Williamson, who attended Duke University last year as a freshman, and who was the NBA’s number-one draft pick last spring, recently signed a $75 million shoe contract with Nike before taking one dribble in the NBA. There is little doubt that Williamson could have earned millions through the licensing of his identity while playing collegiate ball. Put differently, future Zions will have to forgo millions if they do not attend a California college.

This enormous recruiting advantage for California creates the second domino to fall in the coming cascade, as it will put pressure on other states to adopt similar laws so that their colleges will be able to compete with those in California. This is already happening in several states.

The NCAA, which purports to represent both colleges and student athletes, is of course against this change. Behind its current facade, the NCAA is a cartel that is investigator, prosecutor, judge, and jury all rolled into one when it comes to policing programs according to an endless and byzantine set of rules.

Newsom and the California legislature hope that the domino cascade continues by forcing the NCAA to confront this issue and make its own changes. If the NCAA does not, and it abides strictly by its own book, then California universities will not be complying with NCAA rules. 

Further, this means that the current Pac-12 would have to become the Pac-8 and lose their four valuable California schools.

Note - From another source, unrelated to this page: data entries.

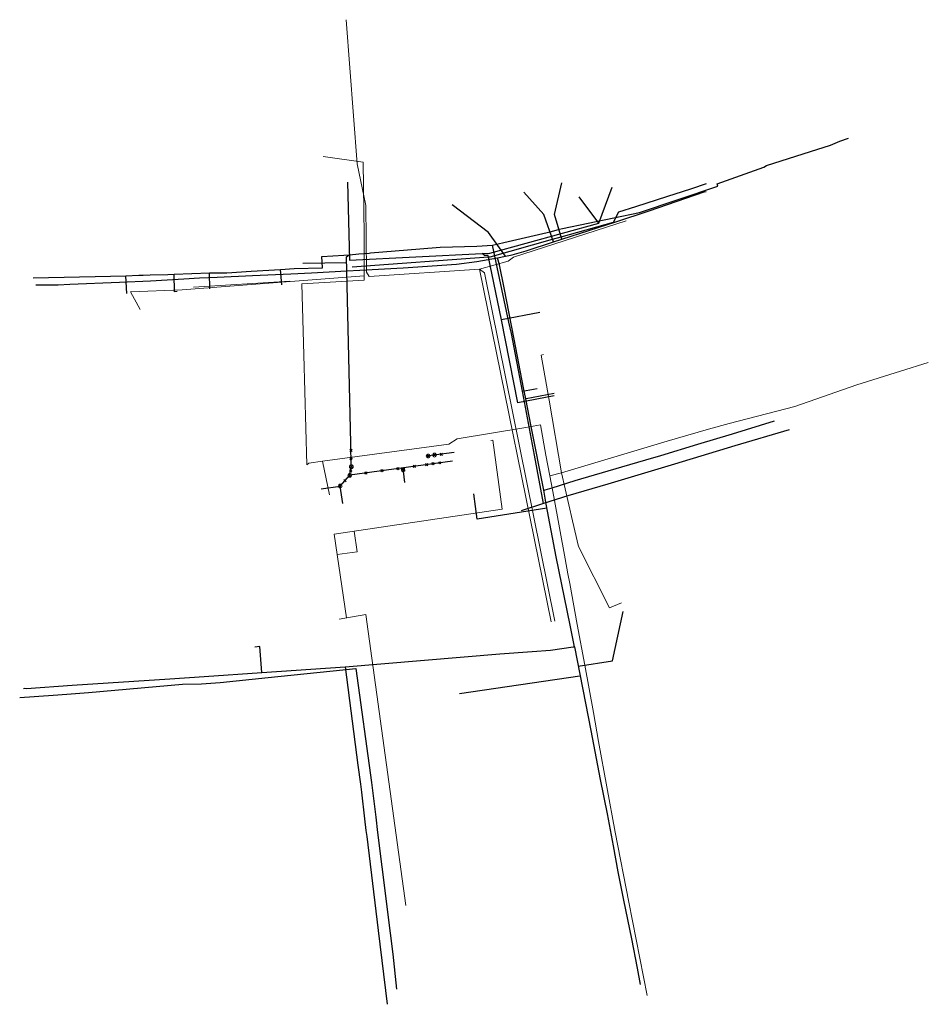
# Model space of a CAD drawing. Header units: metres. Extents: x -746966 to -146572, y -1022169 to 92467.
import ezdxf

# ---------------------------------------------------------------- set-up
doc = ezdxf.new("R2010")
doc.units = ezdxf.units.M
doc.header["$MEASUREMENT"] = 0
for name, color, linetype in [('08_Situace.stávající sítě', 7, 'Continuous'), ('TP_03_KS-Potrubí stavající', 251, 'KANVSVO'), ('TP_08_PIVO-Potrubí stavající', 251, 'VODVPITO'), ('TP_12_PLYN-STL-Potrubí stávající', 251, 'PLVBRTO')]:
    doc.layers.add(name, color=color, linetype=linetype)
for name, color, linetype, lineweight in [('TP_01_Stavající-NN-Stávající', 251, 'SILVNNO', 5), ('TP_01_Stavající-VN-Stávající', 251, 'SILVVNO', 5), ('TP_01_Stavající-ZK-Stavající', 251, 'SDELSPOJO', 5)]:
    doc.layers.add(name, color=color, linetype=linetype, lineweight=lineweight)
doc.linetypes.add('KANVSVO', pattern='A,7,-6.5,[9,civil.shx,S=1,R=0,X=0,Y=0],-6.5', length=20)
doc.linetypes.add('PLVBRTO', pattern='A,7,-6.5,[13,civil.shx,S=1,R=0,X=0,Y=0],-6.5', length=20)
doc.linetypes.add('SDELSPOJO', pattern='A,7,-6,[31,civil.shx,S=1,R=0,X=0,Y=0],-6', length=19)
doc.linetypes.add('SILVNNO', pattern='A,7,-6.5,[28,civil.shx,S=1,R=0,X=0,Y=0],-6.5', length=20)
doc.linetypes.add('SILVVNO', pattern='A,7,-6.5,[29,civil.shx,S=1,R=0,X=0,Y=0],-6.5', length=20)
doc.linetypes.add('VODVPITO', pattern='A,7,-6.5,[2,civil.shx,S=1,R=0,X=0,Y=0],-6.5', length=20)

msp = doc.modelspace()

# ---------------------------------------------------------------- linework, layer by layer
at = {"layer": '08_Situace.stávající sítě', "color": 251, "linetype": 'Continuous', "lineweight": 15, "true_color": 0x6a6a6a}
msp.add_line((-746867.21, -1022010.97), (-746867.44, -1022009.38), dxfattribs=at)
for centre in [(-746840.34, -1022000.11), (-746838.4, -1021999.84), (-746864.01, -1022003.37), (-746864.46, -1022006.03), (-746867.44, -1022009.38)]:
    msp.add_circle(centre, 0.6, dxfattribs=at)
at = {"layer": 'TP_01_Stavající-NN-Stávající'}
for points in [[(-746872.64, -1021907.85), (-746860.32, -1021909.59), (-746860.09, -1021932.03), (-746860.02, -1021945.97), (-746879.24, -1021947.1), (-746878.64, -1021968.99), (-746877.7, -1022002.84)], [(-746929.04, -1021955.02), (-746931.97, -1021949.51), (-746916.1, -1021948.97), (-746860.03, -1021944.66)], [(-746799.33, -1022005.26), (-746803.06, -1021982.95), (-746805.56, -1021969.1), (-746804.78, -1021968.88)], [(-746686.33, -1021971.28), (-746694.91, -1021974), (-746708.36, -1021978.24), (-746727.45, -1021984.89), (-746747.67, -1021990.11), (-746754.07, -1021991.81), (-746766.72, -1021995.59), (-746799.33, -1022005.26), (-746802.84, -1022006.17)], [(-746877.7, -1022002.84), (-746877.08, -1022002.28), (-746872.89, -1022001.72), (-746833.97, -1021996.51), (-746831.46, -1021994.83), (-746810.23, -1021991.3)], [(-746810.23, -1021991.3), (-746805.74, -1021990.55), (-746804.08, -1021999.85), (-746802.84, -1022006.17), (-746801.64, -1022012.68), (-746798.16, -1022031.74), (-746797.3, -1022036.41), (-746796.76, -1022039.36), (-746794.46, -1022051.96), (-746792.15, -1022064.54), (-746789.48, -1022079.14), (-746787.86, -1022087.99), (-746782.75, -1022115.93), (-746778.57, -1022137.49), (-746772.94, -1022166.2)], [(-746870.76, -1022012.02), (-746872.89, -1022001.72)], [(-746799.33, -1022005.27), (-746795.91, -1022020.05), (-746794.08, -1022027.99), (-746784.55, -1022046.89), (-746780.85, -1022045.37)]]:
    msp.add_lwpolyline(points, dxfattribs=at)
at = {"layer": 'TP_01_Stavající-VN-Stávající'}
for points in [[(-746802.46, -1022051.19), (-746824.49, -1021942.56), (-746858.47, -1021944.81), (-746859.36, -1021943.53), (-746859.56, -1021923), (-746862.16, -1021910.14), (-746865.64, -1021865.75)], [(-746824.49, -1021942.56), (-746815.66, -1021940.09), (-746814.1, -1021938.9), (-746779.41, -1021927.67)], [(-746801.3, -1022050.93), (-746823.02, -1021943.68), (-746824.49, -1021942.56)]]:
    msp.add_lwpolyline(points, dxfattribs=at)
at = {"layer": 'TP_01_Stavající-ZK-Stavající'}
for points in [[(-746912.63, -1021948.14), (-746882.9, -1021946.3)], [(-746865.45, -1022049.98), (-746869.29, -1022024.21), (-746817.51, -1022016.48), (-746820.44, -1021995.24), (-746821.09, -1021995.33)], [(-746859.56, -1022048.94), (-746867.78, -1022050.39)], [(-746847.21, -1022138.53), (-746859.56, -1022048.94)]]:
    msp.add_lwpolyline(points, dxfattribs=at)
at = {"layer": 'TP_01_Stavající-ZK-Stavající', "color": 6}
for points in [[(-746862.23, -1022029.58), (-746863.1, -1022023.28)], [(-746868.36, -1022030.42), (-746862.23, -1022029.58)]]:
    msp.add_lwpolyline(points, dxfattribs=at)
at = {"layer": 'TP_03_KS-Potrubí stavající'}
for p, q in [((-746864.47, -1021998.73), (-746863.77, -1021998.02)), ((-746863.77, -1021998.73), (-746864.47, -1021998.02)), ((-746864.42, -1022001.23), (-746863.71, -1022000.52)), ((-746863.71, -1022001.23), (-746864.42, -1022000.52)), ((-746840.69, -1022000.46), (-746839.98, -1021999.75)), ((-746839.98, -1022000.46), (-746840.69, -1021999.75)), ((-746839.21, -1022002.85), (-746838.5, -1022002.15)), ((-746838.5, -1022002.85), (-746839.21, -1022002.15)), ((-746838.76, -1022000.19), (-746838.05, -1021999.49)), ((-746838.05, -1022000.19), (-746838.76, -1021999.49)), ((-746837.11, -1022002.56), (-746836.4, -1022001.86)), ((-746836.4, -1022002.56), (-746837.11, -1022001.86)), ((-746836.66, -1021999.91), (-746835.95, -1021999.2)), ((-746835.95, -1021999.91), (-746836.66, -1021999.2)), ((-746864.59, -1022005.06), (-746863.88, -1022004.35)), ((-746863.88, -1022005.06), (-746864.59, -1022004.35)), ((-746864.36, -1022003.73), (-746863.66, -1022003.02)), ((-746863.66, -1022003.73), (-746864.36, -1022003.02)), ((-746859.86, -1022005.7), (-746859.15, -1022005)), ((-746859.15, -1022005.7), (-746859.86, -1022005)), ((-746854.91, -1022005.02), (-746854.2, -1022004.31)), ((-746854.2, -1022005.02), (-746854.91, -1022004.31)), ((-746849.95, -1022004.34), (-746849.25, -1022003.63)), ((-746849.25, -1022004.34), (-746849.95, -1022003.63)), ((-746845, -1022003.65), (-746844.29, -1022002.95)), ((-746844.29, -1022003.65), (-746845, -1022002.95)), ((-746841.14, -1022003.12), (-746840.44, -1022002.41)), ((-746840.44, -1022003.12), (-746841.14, -1022002.41)), ((-746866.3, -1022008.06), (-746865.6, -1022007.35)), ((-746865.6, -1022008.06), (-746866.3, -1022007.35)), ((-746864.81, -1022006.39), (-746864.11, -1022005.68)), ((-746864.11, -1022006.39), (-746864.81, -1022005.68)), ((-746867.79, -1022009.73), (-746867.09, -1022009.03)), ((-746867.09, -1022009.73), (-746867.79, -1022009.03))]:
    msp.add_line(p, q, dxfattribs=at)
for points in [[(-746865.18, -1021915.76), (-746864.56, -1021939.83), (-746823.68, -1021937.74), (-746821.38, -1021937.63), (-746787.8, -1021928.44), (-746783.65, -1021917.3)], [(-746863.78, -1021941.84), (-746821.74, -1021938.8), (-746821.3, -1021938.77), (-746802.02, -1021933.36), (-746799.39, -1021932.62), (-746783.32, -1021928.1), (-746781.61, -1021924.93), (-746776.44, -1021923.32), (-746766.54, -1021920.14), (-746762.01, -1021918.69), (-746759.11, -1021917.73), (-746754.62, -1021916.24)], [(-746787.8, -1021928.44), (-746793.89, -1021920.25)], [(-746864.17, -1021996.14), (-746865.45, -1021938.81), (-746864.71, -1021938.13)], [(-746801.52, -1021981.58), (-746812.7, -1021983.77), (-746817.78, -1021958.21), (-746821.83, -1021938.34), (-746822.99, -1021938.4), (-746823.68, -1021937.74)], [(-746878.94, -1021940.74), (-746865.41, -1021940.55)], [(-746805.94, -1021955.92), (-746817.79, -1021958.18)], [(-746866.67, -1022014.75), (-746867.44, -1022009.38), (-746864.46, -1022006.03), (-746864.01, -1022003.37), (-746864.17, -1021996.14)], [(-746832.35, -1021999.01), (-746840.93, -1022000.19)], [(-746832.8, -1022001.67), (-746864.46, -1022006.03)], [(-746848.51, -1022003.98), (-746848.1, -1022003.92), (-746847.97, -1022004.81)], [(-746848.39, -1022004.87), (-746848.51, -1022003.98)], [(-746848.39, -1022004.87), (-746847.97, -1022004.81), (-746848.1, -1022003.92)], [(-746848.1, -1022003.92), (-746848.12, -1022003.78)], [(-746847.68, -1022003.86), (-746848.1, -1022003.92), (-746847.97, -1022004.81)], [(-746847.56, -1022004.75), (-746847.97, -1022004.81), (-746848.1, -1022003.92)], [(-746847.5, -1022008.25), (-746847.97, -1022004.81)], [(-746847.56, -1022004.75), (-746847.68, -1022003.86)], [(-746873.3, -1022010.19), (-746867.44, -1022009.38)]]:
    msp.add_lwpolyline(points, dxfattribs=at)
at = {"layer": 'TP_08_PIVO-Potrubí stavající'}
for p, q in [((-746825.3, -1022019.54), (-746826.31, -1022011.73)), ((-746803.78, -1022016.19), (-746825.3, -1022019.54))]:
    msp.add_line(p, q, dxfattribs=at)
for points in [[(-746799.15, -1021933.35), (-746801.48, -1021925.76), (-746799.15, -1021915.94)], [(-746961.17, -1021947.44), (-746960.84, -1021947.45), (-746954.27, -1021947.42), (-746950.72, -1021947.24), (-746935.42, -1021946.59), (-746925.81, -1021946.13), (-746915.54, -1021945.58), (-746910.76, -1021945.26), (-746905.29, -1021945.06), (-746894.4, -1021944.53), (-746882.64, -1021943.97), (-746876.28, -1021943.66), (-746865.36, -1021943.12), (-746861.36, -1021942.9), (-746848.01, -1021942.15), (-746831.63, -1021941), (-746825.38, -1021940.19), (-746818.97, -1021939.08), (-746816.54, -1021938.54), (-746814.49, -1021938.2), (-746810.21, -1021936.89), (-746801.73, -1021934.16), (-746799.15, -1021933.35), (-746782.6, -1021927.99), (-746772.3, -1021924.65), (-746755.31, -1021918.8), (-746754.75, -1021918.65)], [(-746801.73, -1021934.16), (-746804.75, -1021925.76), (-746810.87, -1021918.89)], [(-746816.54, -1021938.54), (-746821.75, -1021931.24), (-746832.93, -1021922.79)], [(-746810.97, -1021979.1), (-746813.88, -1021964.11), (-746816.98, -1021948.28), (-746818.41, -1021941.2), (-746818.97, -1021939.08)], [(-746795.3, -1022058.84), (-746796.64, -1022052.2), (-746800.93, -1022031.17), (-746804.03, -1022014.95), (-746804.74, -1022010.65), (-746808.62, -1021991.03), (-746810.32, -1021982.46), (-746810.97, -1021979.1)], [(-746810.32, -1021982.46), (-746810.17, -1021982.45), (-746801.5, -1021980.75)], [(-746804.74, -1022010.65), (-746804.48, -1022010.59), (-746804.29, -1022010.52), (-746802.16, -1022009.87), (-746795.1, -1022007.69), (-746780.68, -1022003.47), (-746773.36, -1022001.31), (-746768.69, -1021999.92), (-746757.29, -1021996.48), (-746746.58, -1021993.33), (-746733.66, -1021989.26)], [(-746794.17, -1022064.86), (-746783.54, -1022063.2), (-746780.26, -1022048)], [(-746964.91, -1022071.67), (-746964.57, -1022071.65), (-746964.04, -1022071.68), (-746949.92, -1022070.73), (-746919.93, -1022068.76), (-746909.36, -1022067.96), (-746891.53, -1022066.78), (-746865.93, -1022065.07), (-746818.29, -1022061.06), (-746808.32, -1022060.28), (-746802.66, -1022059.85), (-746795.65, -1022058.92), (-746795.3, -1022058.84)], [(-746891.55, -1022066.78), (-746892.13, -1022058.76), (-746893.73, -1022058.94)], [(-746795.3, -1022058.84), (-746790.26, -1022084.68), (-746787.38, -1022099.71), (-746785.25, -1022110.31), (-746783.39, -1022120.18), (-746781.94, -1022128.2), (-746780.18, -1022136.85), (-746777.76, -1022148.82), (-746775.97, -1022157.8), (-746775.02, -1022162.83)], [(-746865.93, -1022065.07), (-746861.96, -1022095.34), (-746861.14, -1022101.15), (-746860.87, -1022103.64), (-746859.93, -1022111.81), (-746859.51, -1022115.42), (-746859.25, -1022117.28), (-746855.71, -1022146.27), (-746852.92, -1022168.96)], [(-746793.59, -1022067.89), (-746830.74, -1022073.34)]]:
    msp.add_lwpolyline(points, dxfattribs=at)
at = {"layer": 'TP_12_PLYN-STL-Potrubí stávající'}
for points in [[(-746961.99, -1021945.2), (-746938.13, -1021944.73), (-746933.49, -1021944.64), (-746929.46, -1021944.41), (-746928.12, -1021944.38), (-746925.91, -1021944.32), (-746920.48, -1021944.18), (-746918.56, -1021944.13), (-746907.63, -1021943.71), (-746902.33, -1021943.7), (-746894.84, -1021943.22), (-746885.82, -1021942.64), (-746881.65, -1021942.37), (-746872.85, -1021942.14), (-746873.05, -1021938.65), (-746866.32, -1021938.26), (-746864.6, -1021938.12), (-746861.68, -1021937.87), (-746860.06, -1021937.74), (-746858.53, -1021937.61), (-746858.13, -1021937.58), (-746842.93, -1021936.32), (-746836.69, -1021935.81), (-746825.36, -1021935.53), (-746820.54, -1021935.15), (-746817.06, -1021934.4), (-746802.37, -1021930.93), (-746799.87, -1021930.29), (-746799, -1021930.07), (-746775.3, -1021925.12), (-746751.13, -1021917.06), (-746751.35, -1021916.29), (-746736.98, -1021911.13), (-746736.13, -1021910.68), (-746722.56, -1021906.33), (-746716.48, -1021904.38), (-746713.59, -1021903.19), (-746710.87, -1021902.28)], [(-746804.79, -1022014.74), (-746807.61, -1021999.82), (-746811.32, -1021980.17), (-746814.71, -1021962.37), (-746815.46, -1021958.85), (-746820.54, -1021935.15)], [(-746917.61, -1021949.5), (-746918.42, -1021949.53), (-746918.56, -1021944.13)], [(-746907.6, -1021948.6), (-746907.63, -1021943.71)], [(-746885.37, -1021947.4), (-746885.82, -1021942.64)], [(-746933.17, -1021950.03), (-746933.49, -1021944.64)], [(-746811.32, -1021980.17), (-746806.73, -1021979.3)], [(-746729.14, -1021992.01), (-746745.89, -1021997.02), (-746764.52, -1022002.63), (-746785.03, -1022008.75), (-746797.29, -1022012.33), (-746804.79, -1022014.74), (-746811.68, -1022016.95)], [(-746966.13, -1022074.48), (-746955.82, -1022073.78), (-746951.66, -1022073.49), (-746944.99, -1022072.94), (-746916.04, -1022070.39), (-746910.18, -1022070.24), (-746904.35, -1022069.89), (-746889.65, -1022068.36), (-746862.58, -1022065.55), (-746857.82, -1022100.67), (-746856.42, -1022111.37), (-746855.93, -1022116.05), (-746854.59, -1022126.63), (-746852, -1022147.01), (-746851.18, -1022153.51), (-746850.1, -1022164.28)]]:
    msp.add_lwpolyline(points, dxfattribs=at)

doc.saveas('drawing.dxf')

The conference presently has a $3 billion broadcast deal with Fox and ESPN that ends in 2024. Without its California schools, the hypothetically reconstituted Pac-8, which would include schools with little visibility such as Washington State, Oregon State, and Colorado, would have relatively little bargaining power when it comes time to negotiate a new contract.

The NCAA is desperately trying to keep the revenue genie in the bottle to keep the cash flowing to its member universities. But this becomes increasingly difficult as college football and basketball create even more revenue each year and as the source of this revenue becomes even more obvious.

What the NCAA needs to realize is that California has effectively let the genie out of the bottle on their own. Will the NCAA try to stuff the genie back in, or will it adapt to a world of sports and business that is remarkably different from the one that the NCAA was created to supervise, and which has changed very little over time?